Potential Applications

This technology can be applied in various domains where distributed machine learning models are used, such as:

  • Fraud detection systems
  • Anomaly detection in network security
  • Predictive maintenance in industrial settings
  • Personalized recommendation systems

Problems Solved

This technology addresses the following problems:

  • Centralized training of machine learning models may not be feasible or efficient for large-scale deployments.
  • Local data on client devices may have unique characteristics that can improve the performance of the models.
  • The detection performance of supervised and unsupervised models may differ significantly, requiring adjustments to the feature information.

Benefits

The benefits of this technology include:

  • Improved detection performance by leveraging local data and unsupervised models.
  • Efficient distribution of trained models and feature information to client devices.
  • Adaptive system that can identify and communicate changes that improve performance.
  • Reduced reliance on centralized server for model training and updates.
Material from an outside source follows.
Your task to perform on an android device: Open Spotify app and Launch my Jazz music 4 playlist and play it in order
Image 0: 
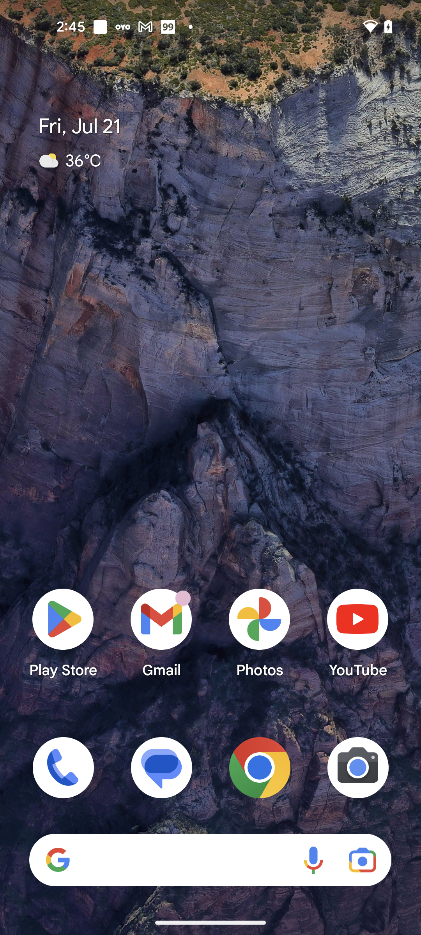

Original Abstract Submitted

A processor distributes, from a server, a trained supervised machine learning (ML) model and supervised and unsupervised feature information to a plurality of client devices; at each client device, trains the supervised ML model using local data to generate a local supervised ML model, constructs a local unsupervised ML model using the unsupervised feature information, and deploys the local supervised and unsupervised ML models; determining when a detection performance difference between the local supervised and unsupervised ML models reaches a threshold; identifies a proposed change to the supervised or unsupervised feature information; deploys the proposed change on one client device; responsive to determining the proposed change improves the detection performance of that client device, communicates the proposed change to a sampled set of client devices; and responsive to determining the proposed change improves the detection performance of a majority of the sampled set, communicates the proposed change to the server.